▶ **What needs to be done**: From the data underneath, reproduce exactly the stretch that begins at the line with "Romania in 2010 to that in 2011?" and ends after the line with "Give a very brief answer. 1.".

▶ **Supplied material**:

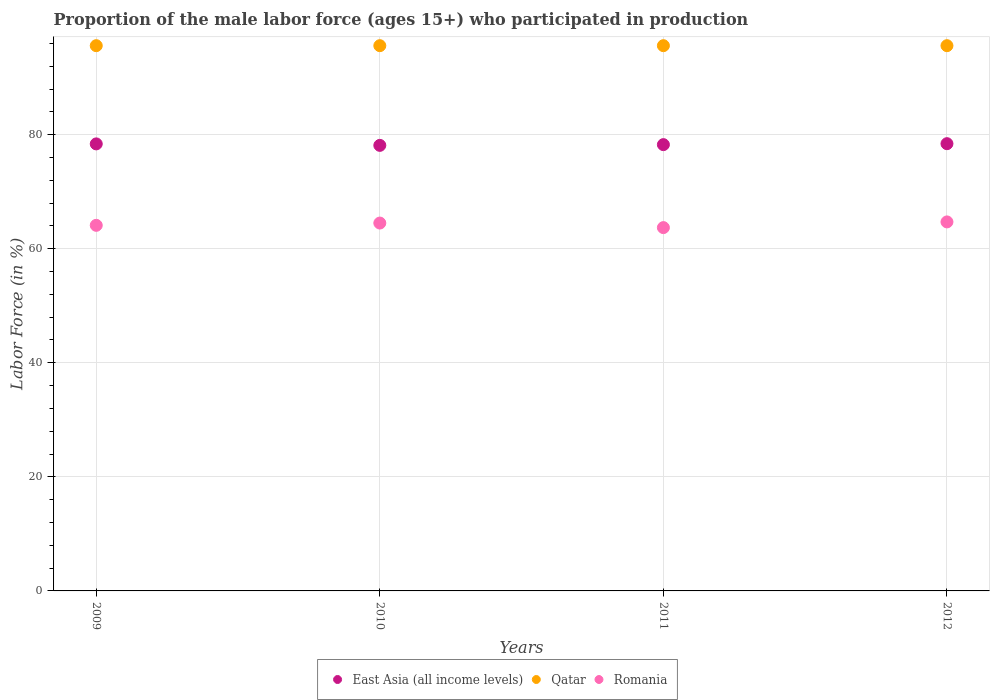What is the proportion of the male labor force who participated in production in Qatar in 2009?
Provide a short and direct response. 95.6. Across all years, what is the maximum proportion of the male labor force who participated in production in Romania?
Offer a terse response. 64.7. Across all years, what is the minimum proportion of the male labor force who participated in production in Qatar?
Your answer should be compact. 95.6. In which year was the proportion of the male labor force who participated in production in Romania maximum?
Your answer should be very brief. 2012. In which year was the proportion of the male labor force who participated in production in Romania minimum?
Your answer should be very brief. 2011. What is the total proportion of the male labor force who participated in production in East Asia (all income levels) in the graph?
Keep it short and to the point. 313.16. What is the difference between the proportion of the male labor force who participated in production in Qatar in 2009 and that in 2011?
Offer a very short reply. 0. What is the difference between the proportion of the male labor force who participated in production in East Asia (all income levels) in 2011 and the proportion of the male labor force who participated in production in Romania in 2012?
Your response must be concise. 13.55. What is the average proportion of the male labor force who participated in production in East Asia (all income levels) per year?
Give a very brief answer. 78.29. In the year 2010, what is the difference between the proportion of the male labor force who participated in production in East Asia (all income levels) and proportion of the male labor force who participated in production in Romania?
Ensure brevity in your answer.  13.62. In how many years, is the proportion of the male labor force who participated in production in Qatar greater than 84 %?
Provide a short and direct response. 4. What is the ratio of the proportion of the male labor force who participated in production in Qatar in 2009 to that in 2010?
Keep it short and to the point. 1. Is the proportion of the male labor force who participated in production in Romania in 2011 less than that in 2012?
Offer a terse response. Yes. Is the difference between the proportion of the male labor force who participated in production in East Asia (all income levels) in 2009 and 2010 greater than the difference between the proportion of the male labor force who participated in production in Romania in 2009 and 2010?
Give a very brief answer. Yes. What is the difference between the highest and the second highest proportion of the male labor force who participated in production in Romania?
Make the answer very short. 0.2. What is the difference between the highest and the lowest proportion of the male labor force who participated in production in East Asia (all income levels)?
Provide a short and direct response. 0.3. Does the proportion of the male labor force who participated in production in Qatar monotonically increase over the years?
Provide a short and direct response. No. Is the proportion of the male labor force who participated in production in East Asia (all income levels) strictly greater than the proportion of the male labor force who participated in production in Qatar over the years?
Ensure brevity in your answer.  No. Is the proportion of the male labor force who participated in production in Romania strictly less than the proportion of the male labor force who participated in production in Qatar over the years?
Offer a terse response. Yes. How many dotlines are there?
Make the answer very short. 3. How many years are there in the graph?
Offer a terse response. 4. Does the graph contain grids?
Provide a succinct answer. Yes. What is the title of the graph?
Your response must be concise. Proportion of the male labor force (ages 15+) who participated in production. What is the label or title of the X-axis?
Offer a terse response. Years. What is the label or title of the Y-axis?
Your answer should be compact. Labor Force (in %). What is the Labor Force (in %) in East Asia (all income levels) in 2009?
Offer a terse response. 78.38. What is the Labor Force (in %) in Qatar in 2009?
Provide a short and direct response. 95.6. What is the Labor Force (in %) of Romania in 2009?
Ensure brevity in your answer.  64.1. What is the Labor Force (in %) in East Asia (all income levels) in 2010?
Ensure brevity in your answer.  78.12. What is the Labor Force (in %) in Qatar in 2010?
Give a very brief answer. 95.6. What is the Labor Force (in %) of Romania in 2010?
Your answer should be compact. 64.5. What is the Labor Force (in %) in East Asia (all income levels) in 2011?
Provide a short and direct response. 78.25. What is the Labor Force (in %) of Qatar in 2011?
Give a very brief answer. 95.6. What is the Labor Force (in %) of Romania in 2011?
Offer a terse response. 63.7. What is the Labor Force (in %) of East Asia (all income levels) in 2012?
Make the answer very short. 78.42. What is the Labor Force (in %) of Qatar in 2012?
Give a very brief answer. 95.6. What is the Labor Force (in %) in Romania in 2012?
Your answer should be compact. 64.7. Across all years, what is the maximum Labor Force (in %) of East Asia (all income levels)?
Your answer should be compact. 78.42. Across all years, what is the maximum Labor Force (in %) of Qatar?
Ensure brevity in your answer.  95.6. Across all years, what is the maximum Labor Force (in %) in Romania?
Provide a short and direct response. 64.7. Across all years, what is the minimum Labor Force (in %) of East Asia (all income levels)?
Provide a succinct answer. 78.12. Across all years, what is the minimum Labor Force (in %) in Qatar?
Keep it short and to the point. 95.6. Across all years, what is the minimum Labor Force (in %) in Romania?
Offer a very short reply. 63.7. What is the total Labor Force (in %) of East Asia (all income levels) in the graph?
Your answer should be very brief. 313.16. What is the total Labor Force (in %) in Qatar in the graph?
Ensure brevity in your answer.  382.4. What is the total Labor Force (in %) in Romania in the graph?
Make the answer very short. 257. What is the difference between the Labor Force (in %) of East Asia (all income levels) in 2009 and that in 2010?
Your response must be concise. 0.26. What is the difference between the Labor Force (in %) in Qatar in 2009 and that in 2010?
Ensure brevity in your answer.  0. What is the difference between the Labor Force (in %) of East Asia (all income levels) in 2009 and that in 2011?
Ensure brevity in your answer.  0.13. What is the difference between the Labor Force (in %) of Romania in 2009 and that in 2011?
Provide a succinct answer. 0.4. What is the difference between the Labor Force (in %) in East Asia (all income levels) in 2009 and that in 2012?
Your answer should be very brief. -0.04. What is the difference between the Labor Force (in %) in Qatar in 2009 and that in 2012?
Provide a succinct answer. 0. What is the difference between the Labor Force (in %) of Romania in 2009 and that in 2012?
Provide a succinct answer. -0.6. What is the difference between the Labor Force (in %) of East Asia (all income levels) in 2010 and that in 2011?
Offer a very short reply. -0.13. What is the difference between the Labor Force (in %) in Qatar in 2010 and that in 2011?
Your answer should be compact. 0. What is the difference between the Labor Force (in %) of East Asia (all income levels) in 2010 and that in 2012?
Keep it short and to the point. -0.3. What is the difference between the Labor Force (in %) in Qatar in 2010 and that in 2012?
Provide a succinct answer. 0. What is the difference between the Labor Force (in %) of East Asia (all income levels) in 2011 and that in 2012?
Give a very brief answer. -0.17. What is the difference between the Labor Force (in %) in Qatar in 2011 and that in 2012?
Make the answer very short. 0. What is the difference between the Labor Force (in %) in Romania in 2011 and that in 2012?
Provide a short and direct response. -1. What is the difference between the Labor Force (in %) of East Asia (all income levels) in 2009 and the Labor Force (in %) of Qatar in 2010?
Provide a succinct answer. -17.22. What is the difference between the Labor Force (in %) in East Asia (all income levels) in 2009 and the Labor Force (in %) in Romania in 2010?
Keep it short and to the point. 13.88. What is the difference between the Labor Force (in %) of Qatar in 2009 and the Labor Force (in %) of Romania in 2010?
Provide a short and direct response. 31.1. What is the difference between the Labor Force (in %) of East Asia (all income levels) in 2009 and the Labor Force (in %) of Qatar in 2011?
Keep it short and to the point. -17.22. What is the difference between the Labor Force (in %) in East Asia (all income levels) in 2009 and the Labor Force (in %) in Romania in 2011?
Offer a terse response. 14.68. What is the difference between the Labor Force (in %) of Qatar in 2009 and the Labor Force (in %) of Romania in 2011?
Keep it short and to the point. 31.9. What is the difference between the Labor Force (in %) in East Asia (all income levels) in 2009 and the Labor Force (in %) in Qatar in 2012?
Your answer should be very brief. -17.22. What is the difference between the Labor Force (in %) of East Asia (all income levels) in 2009 and the Labor Force (in %) of Romania in 2012?
Your answer should be very brief. 13.68. What is the difference between the Labor Force (in %) in Qatar in 2009 and the Labor Force (in %) in Romania in 2012?
Provide a short and direct response. 30.9. What is the difference between the Labor Force (in %) in East Asia (all income levels) in 2010 and the Labor Force (in %) in Qatar in 2011?
Ensure brevity in your answer.  -17.48. What is the difference between the Labor Force (in %) of East Asia (all income levels) in 2010 and the Labor Force (in %) of Romania in 2011?
Offer a terse response. 14.42. What is the difference between the Labor Force (in %) in Qatar in 2010 and the Labor Force (in %) in Romania in 2011?
Your answer should be compact. 31.9. What is the difference between the Labor Force (in %) of East Asia (all income levels) in 2010 and the Labor Force (in %) of Qatar in 2012?
Give a very brief answer. -17.48. What is the difference between the Labor Force (in %) of East Asia (all income levels) in 2010 and the Labor Force (in %) of Romania in 2012?
Offer a terse response. 13.42. What is the difference between the Labor Force (in %) of Qatar in 2010 and the Labor Force (in %) of Romania in 2012?
Your response must be concise. 30.9. What is the difference between the Labor Force (in %) in East Asia (all income levels) in 2011 and the Labor Force (in %) in Qatar in 2012?
Provide a short and direct response. -17.35. What is the difference between the Labor Force (in %) in East Asia (all income levels) in 2011 and the Labor Force (in %) in Romania in 2012?
Provide a short and direct response. 13.55. What is the difference between the Labor Force (in %) in Qatar in 2011 and the Labor Force (in %) in Romania in 2012?
Your answer should be compact. 30.9. What is the average Labor Force (in %) in East Asia (all income levels) per year?
Ensure brevity in your answer.  78.29. What is the average Labor Force (in %) of Qatar per year?
Your answer should be compact. 95.6. What is the average Labor Force (in %) in Romania per year?
Offer a terse response. 64.25. In the year 2009, what is the difference between the Labor Force (in %) of East Asia (all income levels) and Labor Force (in %) of Qatar?
Your answer should be very brief. -17.22. In the year 2009, what is the difference between the Labor Force (in %) in East Asia (all income levels) and Labor Force (in %) in Romania?
Make the answer very short. 14.28. In the year 2009, what is the difference between the Labor Force (in %) in Qatar and Labor Force (in %) in Romania?
Offer a very short reply. 31.5. In the year 2010, what is the difference between the Labor Force (in %) of East Asia (all income levels) and Labor Force (in %) of Qatar?
Ensure brevity in your answer.  -17.48. In the year 2010, what is the difference between the Labor Force (in %) in East Asia (all income levels) and Labor Force (in %) in Romania?
Your response must be concise. 13.62. In the year 2010, what is the difference between the Labor Force (in %) of Qatar and Labor Force (in %) of Romania?
Keep it short and to the point. 31.1. In the year 2011, what is the difference between the Labor Force (in %) of East Asia (all income levels) and Labor Force (in %) of Qatar?
Provide a succinct answer. -17.35. In the year 2011, what is the difference between the Labor Force (in %) of East Asia (all income levels) and Labor Force (in %) of Romania?
Offer a terse response. 14.55. In the year 2011, what is the difference between the Labor Force (in %) of Qatar and Labor Force (in %) of Romania?
Make the answer very short. 31.9. In the year 2012, what is the difference between the Labor Force (in %) of East Asia (all income levels) and Labor Force (in %) of Qatar?
Provide a succinct answer. -17.18. In the year 2012, what is the difference between the Labor Force (in %) in East Asia (all income levels) and Labor Force (in %) in Romania?
Your response must be concise. 13.72. In the year 2012, what is the difference between the Labor Force (in %) in Qatar and Labor Force (in %) in Romania?
Make the answer very short. 30.9. What is the ratio of the Labor Force (in %) of Romania in 2009 to that in 2010?
Your response must be concise. 0.99. What is the ratio of the Labor Force (in %) of East Asia (all income levels) in 2009 to that in 2011?
Your answer should be very brief. 1. What is the ratio of the Labor Force (in %) in Qatar in 2009 to that in 2011?
Offer a terse response. 1. What is the ratio of the Labor Force (in %) of East Asia (all income levels) in 2009 to that in 2012?
Provide a short and direct response. 1. What is the ratio of the Labor Force (in %) of Romania in 2009 to that in 2012?
Keep it short and to the point. 0.99. What is the ratio of the Labor Force (in %) of Qatar in 2010 to that in 2011?
Offer a terse response. 1. What is the ratio of the Labor Force (in %) in Romania in 2010 to that in 2011?
Offer a terse response. 1.01. What is the ratio of the Labor Force (in %) of East Asia (all income levels) in 2010 to that in 2012?
Ensure brevity in your answer.  1. What is the ratio of the Labor Force (in %) of Qatar in 2010 to that in 2012?
Give a very brief answer. 1. What is the ratio of the Labor Force (in %) in Romania in 2010 to that in 2012?
Ensure brevity in your answer.  1. What is the ratio of the Labor Force (in %) of East Asia (all income levels) in 2011 to that in 2012?
Your answer should be compact. 1. What is the ratio of the Labor Force (in %) of Romania in 2011 to that in 2012?
Give a very brief answer. 0.98. What is the difference between the highest and the second highest Labor Force (in %) in East Asia (all income levels)?
Your answer should be compact. 0.04. What is the difference between the highest and the lowest Labor Force (in %) of East Asia (all income levels)?
Give a very brief answer. 0.3. What is the difference between the highest and the lowest Labor Force (in %) in Qatar?
Ensure brevity in your answer.  0. What is the difference between the highest and the lowest Labor Force (in %) of Romania?
Provide a succinct answer. 1.

▶ **Exercise output**:
Offer a terse response. 1. What is the ratio of the Labor Force (in %) in Romania in 2010 to that in 2011?
Offer a terse response. 1.01. What is the ratio of the Labor Force (in %) of East Asia (all income levels) in 2010 to that in 2012?
Ensure brevity in your answer.  1. What is the ratio of the Labor Force (in %) of Qatar in 2010 to that in 2012?
Give a very brief answer. 1. What is the ratio of the Labor Force (in %) in Romania in 2010 to that in 2012?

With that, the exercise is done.